The polymer-drug copolymer has redox response and enzyme response performances, good water solubility and small toxic and side effects, and the hydrophilic section is polyethylene glycol monomethyl ether and the hydrophobic section is gambogic acid. In aqueous solution, amphiphilic polymer micelles are formed spontaneously due to the hydrophilic and hydrophobic effects, and the drug can be released at the tumor site in a response manner. The polymer-drug copolymer provided by the invention can be used as an anticancer drug carrier, and can effectively improve the water solubility of insoluble drugs.

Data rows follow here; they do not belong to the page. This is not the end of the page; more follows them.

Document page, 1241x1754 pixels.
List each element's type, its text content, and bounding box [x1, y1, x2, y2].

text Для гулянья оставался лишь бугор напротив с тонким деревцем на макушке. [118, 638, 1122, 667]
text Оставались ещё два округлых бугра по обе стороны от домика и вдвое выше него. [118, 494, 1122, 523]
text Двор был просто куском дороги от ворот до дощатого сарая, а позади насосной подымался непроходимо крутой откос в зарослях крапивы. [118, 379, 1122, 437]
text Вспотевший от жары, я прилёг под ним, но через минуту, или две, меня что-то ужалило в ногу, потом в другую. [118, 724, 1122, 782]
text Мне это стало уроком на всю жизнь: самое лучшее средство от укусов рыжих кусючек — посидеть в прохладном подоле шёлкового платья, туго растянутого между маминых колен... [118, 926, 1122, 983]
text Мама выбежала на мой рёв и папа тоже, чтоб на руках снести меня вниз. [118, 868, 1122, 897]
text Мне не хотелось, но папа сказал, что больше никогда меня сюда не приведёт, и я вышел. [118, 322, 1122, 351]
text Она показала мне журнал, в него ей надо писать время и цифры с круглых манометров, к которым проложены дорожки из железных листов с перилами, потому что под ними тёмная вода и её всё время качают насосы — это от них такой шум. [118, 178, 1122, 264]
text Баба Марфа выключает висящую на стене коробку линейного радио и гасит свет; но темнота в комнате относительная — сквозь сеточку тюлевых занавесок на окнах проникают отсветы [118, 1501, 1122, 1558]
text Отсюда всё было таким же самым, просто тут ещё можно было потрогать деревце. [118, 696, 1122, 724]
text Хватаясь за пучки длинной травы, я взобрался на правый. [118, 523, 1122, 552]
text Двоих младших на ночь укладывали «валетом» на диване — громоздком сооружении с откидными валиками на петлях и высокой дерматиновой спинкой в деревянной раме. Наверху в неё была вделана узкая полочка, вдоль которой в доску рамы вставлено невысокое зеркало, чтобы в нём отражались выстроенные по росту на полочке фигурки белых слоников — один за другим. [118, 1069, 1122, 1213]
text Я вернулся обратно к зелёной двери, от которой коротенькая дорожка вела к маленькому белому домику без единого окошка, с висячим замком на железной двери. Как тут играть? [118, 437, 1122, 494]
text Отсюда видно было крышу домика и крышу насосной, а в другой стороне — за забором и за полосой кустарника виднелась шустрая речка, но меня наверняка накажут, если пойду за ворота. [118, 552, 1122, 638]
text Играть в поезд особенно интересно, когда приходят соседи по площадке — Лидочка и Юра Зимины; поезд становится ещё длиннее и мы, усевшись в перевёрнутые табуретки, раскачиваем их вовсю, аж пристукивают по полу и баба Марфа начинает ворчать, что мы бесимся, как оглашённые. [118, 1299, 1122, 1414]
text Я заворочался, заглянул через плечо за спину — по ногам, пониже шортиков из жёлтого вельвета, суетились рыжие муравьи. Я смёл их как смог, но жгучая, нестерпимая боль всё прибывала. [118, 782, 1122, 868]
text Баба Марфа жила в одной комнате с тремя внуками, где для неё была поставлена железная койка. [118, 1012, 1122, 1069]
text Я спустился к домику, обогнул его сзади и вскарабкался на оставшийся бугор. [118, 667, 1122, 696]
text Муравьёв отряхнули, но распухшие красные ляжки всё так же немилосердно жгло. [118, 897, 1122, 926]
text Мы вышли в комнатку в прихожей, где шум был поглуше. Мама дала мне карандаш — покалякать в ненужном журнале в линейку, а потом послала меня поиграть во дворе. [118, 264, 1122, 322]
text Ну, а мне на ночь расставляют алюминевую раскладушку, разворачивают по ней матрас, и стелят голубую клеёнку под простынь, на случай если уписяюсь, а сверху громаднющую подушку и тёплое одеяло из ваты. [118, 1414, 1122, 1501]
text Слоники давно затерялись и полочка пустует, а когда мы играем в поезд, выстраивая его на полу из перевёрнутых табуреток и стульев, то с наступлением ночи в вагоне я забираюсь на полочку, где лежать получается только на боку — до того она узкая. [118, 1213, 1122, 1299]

The dual sensitive polymer-drug linker mPEG-VC-SS-GA (PVSG) sensitive to glutathione reduction and cathepsin B sensitivity designed by the invention takes the single sensitive polymer-drug linker mPE-SS-GA (PSG) reduced by glutathione as a reference, and the polymer-drug linker of the invention increases the solubility of drugs in water and evaluates the pharmacological action of the drugs in the aspect of cytotoxicity. In addition, compared with inclusion carriers such as micelle, liposome and the like, the polymer-drug conjugate has the advantages that the drug does not leak in the systemic circulation process, and the drug is a hydrophobic inner layer, so that the drug can be released more quickly when chemical bonds are broken.

Drawings

FIG. 1 shows the synthesis of dual sensitive polymer-gambogic acid linker mPEG-VC-SS-GA (PVSG).

FIG. 2 shows MALDI-TOF-MS detection of PVSG.

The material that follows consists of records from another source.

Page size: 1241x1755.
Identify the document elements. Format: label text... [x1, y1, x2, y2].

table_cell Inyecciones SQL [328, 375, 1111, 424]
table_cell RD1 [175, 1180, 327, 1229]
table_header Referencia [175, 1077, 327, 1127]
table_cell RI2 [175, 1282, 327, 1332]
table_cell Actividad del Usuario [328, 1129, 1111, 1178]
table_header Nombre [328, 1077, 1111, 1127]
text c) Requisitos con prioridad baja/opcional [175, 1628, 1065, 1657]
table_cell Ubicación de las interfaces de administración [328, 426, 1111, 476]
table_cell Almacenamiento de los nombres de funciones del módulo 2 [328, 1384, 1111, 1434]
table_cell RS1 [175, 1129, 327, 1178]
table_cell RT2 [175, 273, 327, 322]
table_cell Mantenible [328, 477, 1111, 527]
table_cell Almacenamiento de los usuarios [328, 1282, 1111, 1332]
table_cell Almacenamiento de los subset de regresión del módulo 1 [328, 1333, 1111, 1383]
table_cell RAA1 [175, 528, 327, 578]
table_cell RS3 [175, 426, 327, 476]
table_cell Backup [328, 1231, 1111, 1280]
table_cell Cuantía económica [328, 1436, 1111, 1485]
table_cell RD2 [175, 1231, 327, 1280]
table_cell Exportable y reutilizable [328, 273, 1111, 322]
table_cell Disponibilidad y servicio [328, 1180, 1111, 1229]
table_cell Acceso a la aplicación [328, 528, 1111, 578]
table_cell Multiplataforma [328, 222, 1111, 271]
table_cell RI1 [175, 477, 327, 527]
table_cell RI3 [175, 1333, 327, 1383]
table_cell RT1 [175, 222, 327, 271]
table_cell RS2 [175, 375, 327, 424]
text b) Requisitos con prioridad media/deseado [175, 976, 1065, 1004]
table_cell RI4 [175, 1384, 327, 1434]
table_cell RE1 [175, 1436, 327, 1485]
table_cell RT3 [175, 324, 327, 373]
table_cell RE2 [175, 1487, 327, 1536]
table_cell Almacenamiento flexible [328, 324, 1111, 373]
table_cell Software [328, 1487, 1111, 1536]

FIG. 3 shows MALDI-TOF-MS detection of mPEG-COOH (A) and PSG (B).

FIG. 4 is a DSC measurement of PVSG.

FIG. 5 is the measurement of the particle size and potential of gambogic acid self-assembled nanoparticles;

wherein, A: particle size of PSG nanoparticles; b: PSG nanoparticle potential; c: particle size of PVSG nanoparticles: d: PVSG nanoparticle potential.

FIG. 6 is a transmission electron microscope measurement of PVSG self-assembled nanoparticles;

wherein, A: PVSG nanoparticles; b: PSG nanoparticles.

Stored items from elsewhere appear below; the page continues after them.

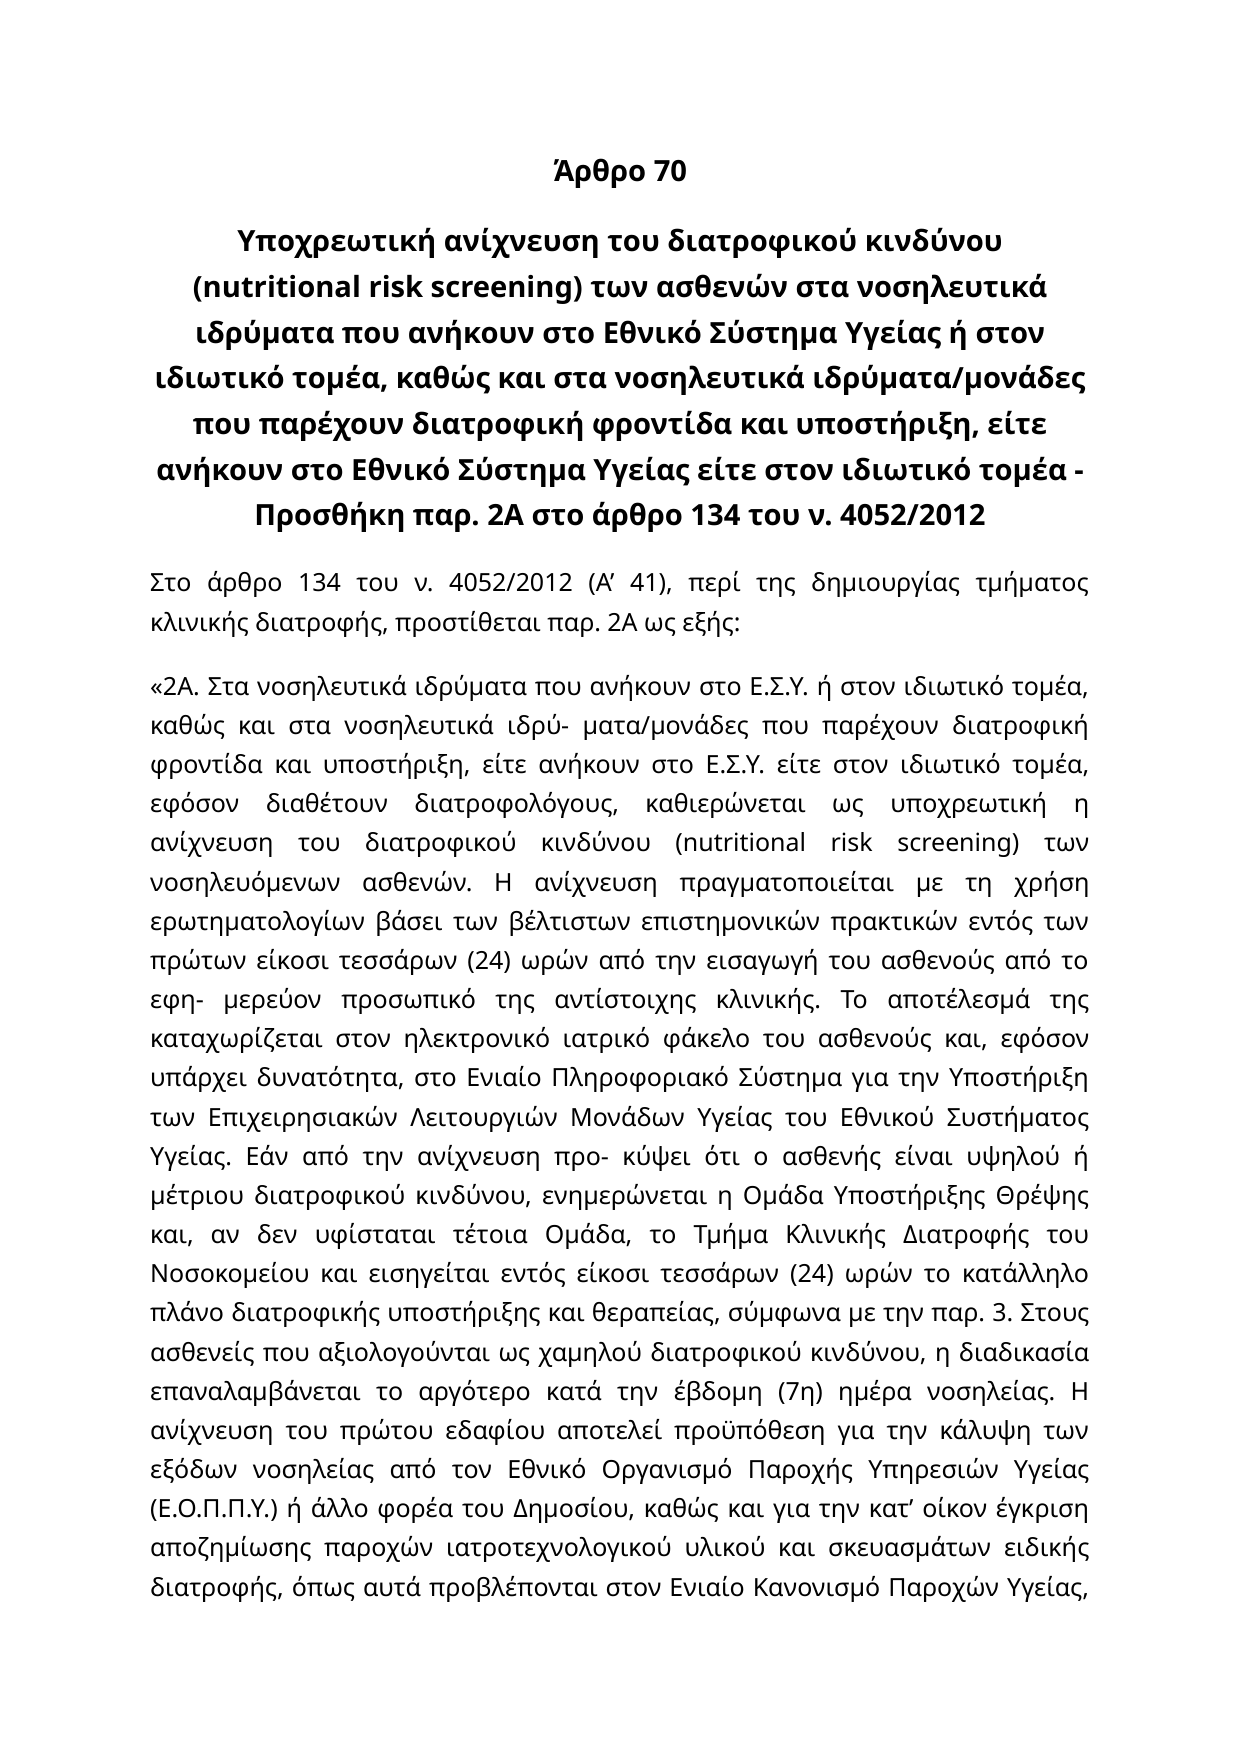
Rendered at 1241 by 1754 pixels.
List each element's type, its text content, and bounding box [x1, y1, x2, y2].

subtitle Υποχρεωτική ανίχνευση του διατροφικού κινδύνου (nutritional risk screening) των ασθενών στα νοσηλευτικά ιδρύματα που ανήκουν στο Εθνικό Σύστημα Υγείας ή στον ιδιωτικό τομέα, καθώς και στα νοσηλευτικά ιδρύματα/μονάδες που παρέχουν διατροφική φροντίδα και υποστήριξη, είτε ανήκουν στο Εθνικό Σύστημα Υγείας είτε στον ιδιωτικό τομέα - Προσθήκη παρ. 2Α στο άρθρο 134 του ν. 4052/2012 [150, 221, 1090, 534]
text «2Α. Στα νοσηλευτικά ιδρύματα που ανήκουν στο Ε.Σ.Υ. ή στον ιδιωτικό τομέα, καθώς και στα νοσηλευτικά ιδρύ- ματα/μονάδες που παρέχουν διατροφική φροντίδα και υποστήριξη, είτε ανήκουν στο Ε.Σ.Υ. είτε στον ιδιωτικό τομέα, εφόσον διαθέτουν διατροφολόγους, καθιερώνεται ως υποχρεωτική η ανίχνευση του διατροφικού κινδύνου (nutritional risk screening) των νοσηλευόμενων ασθενών. Η ανίχνευση πραγματοποιείται με τη χρήση ερωτηματολογίων βάσει των βέλτιστων επιστημονικών πρακτικών εντός των πρώτων είκοσι τεσσάρων (24) ωρών από την εισαγωγή του ασθενούς από το εφη- μερεύον προσωπικό της αντίστοιχης κλινικής. Το αποτέλεσμά της καταχωρίζεται στον ηλεκτρονικό ιατρικό φάκελο του ασθενούς και, εφόσον υπάρχει δυνατότητα, στο Ενιαίο Πληροφοριακό Σύστημα για την Υποστήριξη των Επιχειρησιακών Λειτουργιών Μονάδων Υγείας του Εθνικού Συστήματος Υγείας. Εάν από την ανίχνευση προ- κύψει ότι ο ασθενής είναι υψηλού ή μέτριου διατροφικού κινδύνου, ενημερώνεται η Ομάδα Υποστήριξης Θρέψης και, αν δεν υφίσταται τέτοια Ομάδα, το Τμήμα Κλινικής Διατροφής του Νοσοκομείου και εισηγείται εντός είκοσι τεσσάρων (24) ωρών το κατάλληλο πλάνο διατροφικής υποστήριξης και θεραπείας, σύμφωνα με την παρ. 3. Στους ασθενείς που αξιολογούνται ως χαμηλού διατροφικού κινδύνου, η διαδικασία επαναλαμβάνεται το αργότερο κατά την έβδομη (7η) ημέρα νοσηλείας. Η ανίχνευση του πρώτου εδαφίου αποτελεί προϋπόθεση για την κάλυψη των εξόδων νοσηλείας από τον Εθνικό Οργανισμό Παροχής Υπηρεσιών Υγείας (Ε.Ο.Π.Π.Υ.) ή άλλο φορέα του Δημοσίου, καθώς και για την κατ’ οίκον έγκριση αποζημίωσης παροχών ιατροτεχνολογικού υλικού και σκευασμάτων ειδικής διατροφής, όπως αυτά προβλέπονται στον Ενιαίο Κανονισμό Παροχών Υγείας, [150, 668, 1090, 1603]
text Στο άρθρο 134 του ν. 4052/2012 (Α’ 41), περί της δημιουργίας τμήματος κλινικής διατροφής, προστίθεται παρ. 2Α ως εξής: [150, 565, 1090, 638]
subtitle Άρθρο 70 [150, 150, 1090, 190]

FIG. 7 is a graph of the in vitro release of gambogic acid.

Fig. 8 is a sensitivity release diagram of gambogic acid nanoparticle glutathione.

Fig. 9 is a graph of sensitive release of gambogic acid nanoparticle cathepsin B.

FIG. 10 shows the inhibition of four cell proliferations by the double-sensitive polymer-gambogic acid conjugate (PVSG) of the present invention.

Detailed Description

The technical solution of the present invention is further explained by the following embodiments. It should be understood by those skilled in the art that the examples are only for the understanding of the present invention and should not be construed as the specific limitations of the present invention.